═══ Material to process

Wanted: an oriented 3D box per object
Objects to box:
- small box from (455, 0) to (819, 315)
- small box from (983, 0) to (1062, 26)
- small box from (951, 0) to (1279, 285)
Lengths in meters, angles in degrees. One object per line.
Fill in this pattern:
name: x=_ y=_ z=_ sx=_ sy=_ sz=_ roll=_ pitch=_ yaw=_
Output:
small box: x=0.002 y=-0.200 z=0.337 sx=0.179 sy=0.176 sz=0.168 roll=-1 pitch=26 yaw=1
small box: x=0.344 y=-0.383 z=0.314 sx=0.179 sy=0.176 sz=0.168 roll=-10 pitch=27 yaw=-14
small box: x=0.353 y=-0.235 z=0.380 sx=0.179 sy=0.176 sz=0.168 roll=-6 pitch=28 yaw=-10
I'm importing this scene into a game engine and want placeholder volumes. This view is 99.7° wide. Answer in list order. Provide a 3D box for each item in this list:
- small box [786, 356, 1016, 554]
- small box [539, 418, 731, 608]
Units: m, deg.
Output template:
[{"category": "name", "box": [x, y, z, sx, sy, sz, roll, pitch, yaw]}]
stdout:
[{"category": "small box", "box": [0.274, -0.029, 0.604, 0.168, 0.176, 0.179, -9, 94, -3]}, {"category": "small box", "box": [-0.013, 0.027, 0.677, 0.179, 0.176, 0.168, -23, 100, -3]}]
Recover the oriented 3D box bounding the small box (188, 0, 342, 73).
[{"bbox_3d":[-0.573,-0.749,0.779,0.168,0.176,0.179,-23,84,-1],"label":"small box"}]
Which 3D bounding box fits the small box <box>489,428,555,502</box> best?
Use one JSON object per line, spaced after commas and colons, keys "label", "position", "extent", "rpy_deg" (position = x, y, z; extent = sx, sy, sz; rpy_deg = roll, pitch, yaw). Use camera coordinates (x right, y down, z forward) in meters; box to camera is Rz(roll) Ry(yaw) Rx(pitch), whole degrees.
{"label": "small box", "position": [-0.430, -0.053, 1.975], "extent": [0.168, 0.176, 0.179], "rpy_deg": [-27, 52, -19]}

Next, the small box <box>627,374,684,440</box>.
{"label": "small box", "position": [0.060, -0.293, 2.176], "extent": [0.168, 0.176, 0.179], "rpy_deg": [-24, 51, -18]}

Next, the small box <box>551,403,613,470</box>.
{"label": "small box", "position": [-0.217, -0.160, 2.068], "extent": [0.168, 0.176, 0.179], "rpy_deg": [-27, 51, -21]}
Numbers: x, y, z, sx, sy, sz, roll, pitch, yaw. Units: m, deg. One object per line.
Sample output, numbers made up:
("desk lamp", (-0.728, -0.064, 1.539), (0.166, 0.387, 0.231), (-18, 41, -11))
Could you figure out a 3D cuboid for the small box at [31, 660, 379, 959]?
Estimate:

══════

**Instructions to follow:** Nothing is to be left out: set down all the records again exactly.

**Expected answer:**
Wanted: an oriented 3D box per object
Objects to box:
- small box from (455, 0) to (819, 315)
- small box from (983, 0) to (1062, 26)
- small box from (951, 0) to (1279, 285)
Lengths in meters, angles in degrees. One object per line.
Fill in this pattern:
name: x=_ y=_ z=_ sx=_ sy=_ sz=_ roll=_ pitch=_ yaw=_
Output:
small box: x=0.002 y=-0.200 z=0.337 sx=0.179 sy=0.176 sz=0.168 roll=-1 pitch=26 yaw=1
small box: x=0.344 y=-0.383 z=0.314 sx=0.179 sy=0.176 sz=0.168 roll=-10 pitch=27 yaw=-14
small box: x=0.353 y=-0.235 z=0.380 sx=0.179 sy=0.176 sz=0.168 roll=-6 pitch=28 yaw=-10
I'm importing this scene into a game engine and want placeholder volumes. This view is 99.7° wide. Answer in list order. Provide a 3D box for each item in this list:
- small box [786, 356, 1016, 554]
- small box [539, 418, 731, 608]
Units: m, deg.
Output template:
[{"category": "name", "box": [x, y, z, sx, sy, sz, roll, pitch, yaw]}]
stdout:
[{"category": "small box", "box": [0.274, -0.029, 0.604, 0.168, 0.176, 0.179, -9, 94, -3]}, {"category": "small box", "box": [-0.013, 0.027, 0.677, 0.179, 0.176, 0.168, -23, 100, -3]}]
Recover the oriented 3D box bounding the small box (188, 0, 342, 73).
[{"bbox_3d":[-0.573,-0.749,0.779,0.168,0.176,0.179,-23,84,-1],"label":"small box"}]
Which 3D bounding box fits the small box <box>489,428,555,502</box> best?
Use one JSON object per line, spaced after commas and colons, keys "label", "position", "extent", "rpy_deg" (position = x, y, z; extent = sx, sy, sz; rpy_deg = roll, pitch, yaw). Use camera coordinates (x right, y down, z forward) in meters; box to camera is Rz(roll) Ry(yaw) Rx(pitch), whole degrees.
{"label": "small box", "position": [-0.430, -0.053, 1.975], "extent": [0.168, 0.176, 0.179], "rpy_deg": [-27, 52, -19]}

Next, the small box <box>627,374,684,440</box>.
{"label": "small box", "position": [0.060, -0.293, 2.176], "extent": [0.168, 0.176, 0.179], "rpy_deg": [-24, 51, -18]}

Next, the small box <box>551,403,613,470</box>.
{"label": "small box", "position": [-0.217, -0.160, 2.068], "extent": [0.168, 0.176, 0.179], "rpy_deg": [-27, 51, -21]}
Numbers: x, y, z, sx, sy, sz, roll, pitch, yaw. Units: m, deg. One object per line.
Sample output, numbers made up:
("desk lamp", (-0.728, -0.064, 1.539), (0.166, 0.387, 0.231), (-18, 41, -11))
Could you figure out a 3D cuboid for the small box at [31, 660, 379, 959]?
Estimate:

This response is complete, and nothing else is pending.